In 2013, the private healthcare market was estimated at EUR 657 million, with the first 10 private companies having a market share of 40%. The market leader is Medlife, followed by Medicover, Regina Maria, Sanador and Gral Medical (Pro EAST Consulting: The Private Healthcare Market in Romania, Trends 2014-2015, August 2014 Bucharest).


Countrywide, there are 58 private hospitals, the top 20 having a turnover between EUR 1.5 million and EUR 7.1 million in 2013(Ziarul Financiar: “Health Insurances reveal themselves out of the shadow. The market moves towards 30 million Euro, 40% higher” by Ioana David, 19 September 2014), most of them located in Bucharest and Brasov (4 in each city). The current pipeline announces investments of over EUR 74 million in other 5 private hospitals, 3 in Bucharest (Romgermed, Spitalul Gral / Onconfort and Medas), one in Cluj Napoca (Pelican Universitary Hospital) and the last in Satu Mare (“St. Anton” Clinic) (Pro EAST Consulting: The Private Healthcare Market in Romania, Trends 2014-2015, August 2014 Bucharest). Through the current infrastructure, only inhabitants of the most important cities in Romania have access to private healthcare services. In order to improve this aspect, private healthcare continuously needs new financing options to build clinics and hospitals and enlarge their catchment area.
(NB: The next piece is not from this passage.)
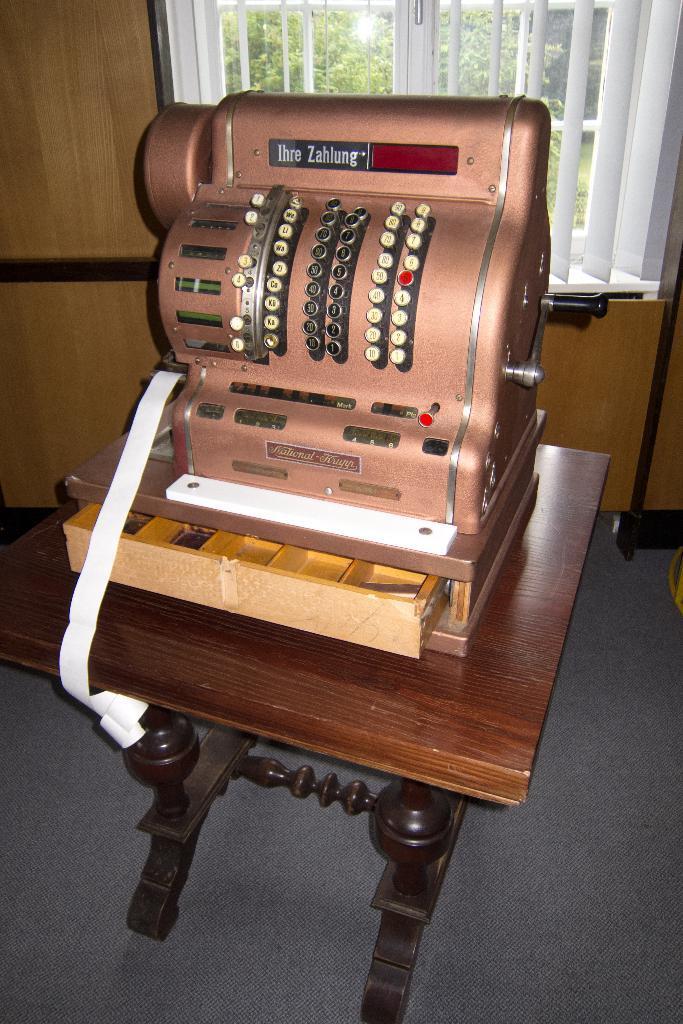In one or two sentences, can you explain what this image depicts? In this image we can see a machine on the table, also we can see the wall and a window, through the window we can see some trees. 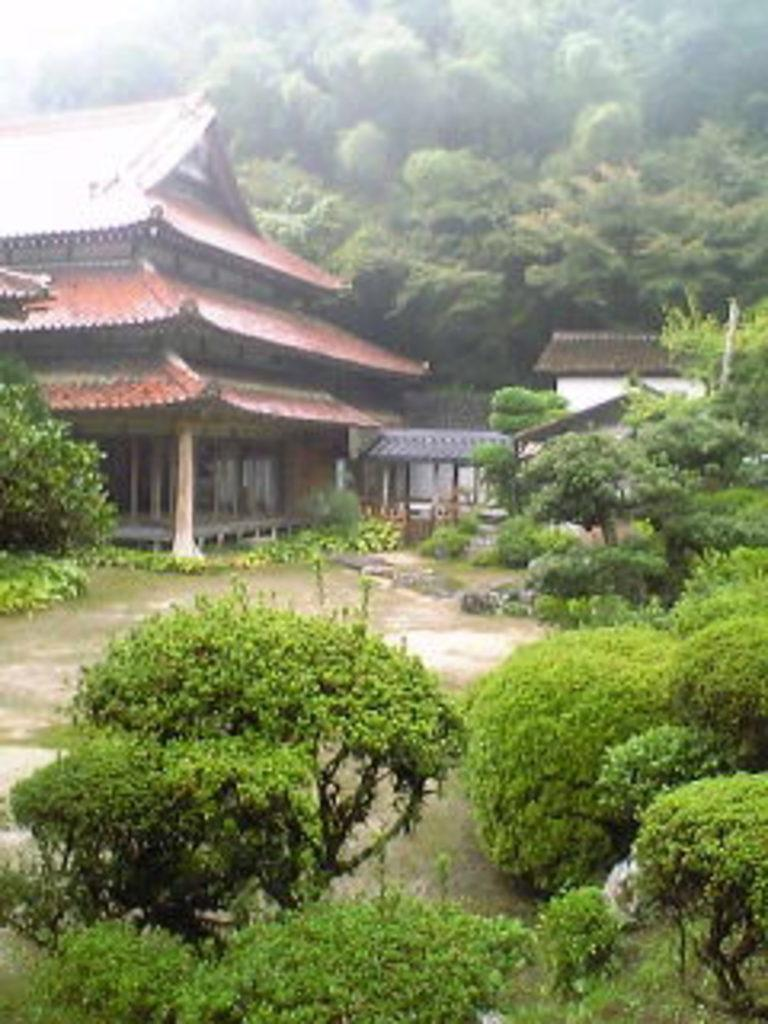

The private healthcare sector is mainly financed through fees for services, but those are highly dependent on the number of subscriptions (Corporate medical coverage and individual healthcare subscriptions). According to ZF, in Romania, there are 650,000 subscriptions sold annually, which would make a market of EUR 40 million (considering a EUR 5 monthly payment for a subscription) .


These corporate medical subscriptions, as well as the basic healthcare package introduced this year in the public sector, are not covering all the medical services that a patient may need, and lead to higher medical expenses for individuals, which represent the main source of income for private healthcare companies. A private health insurance instead provides access to a wider range of medical services and the possibility to choose between more private hospitals / clinics. If in western European countries the private healthcare insurances are the main choice, in Romania they represent only 15-20% of the subscriptions market. This is the main argument that supports the high development potential of the private health insurance market in Romania.


Signs towards the transition from medical subscriptions to health insurance were present on the Romanian market since the beginning of 2014:

? Renault and Auchan, together having over 27,000 employees in Romania, have signed contracts with Groupama and Regina Maria for health insurance;


? BCR Life Insurace signed with Transgaz (5,000 employees) a EUR 5 million contract for 4 years;


? As per ZF, the 20,000 employees of Petrom will be insured by Omniasig and Signal Iduna, with one of the highest insurance premium on the market: EUR 2.5 – 3 million per year;


? ING Life Insurance together with Regina Maria have launched a new health insurance for the completion of the medical subscription.


To conclude, the private healthcare sector is at the beginning of a transition period, the already established medical subscription market still has a long way until is replaced by private health insurance. The healthcare reform in Romania is expected to play a major role in this transition as the Government will have to adopt supportive measures towards private health insurance in order to lay the groundwork for the healthcare privatization - a long-term objective.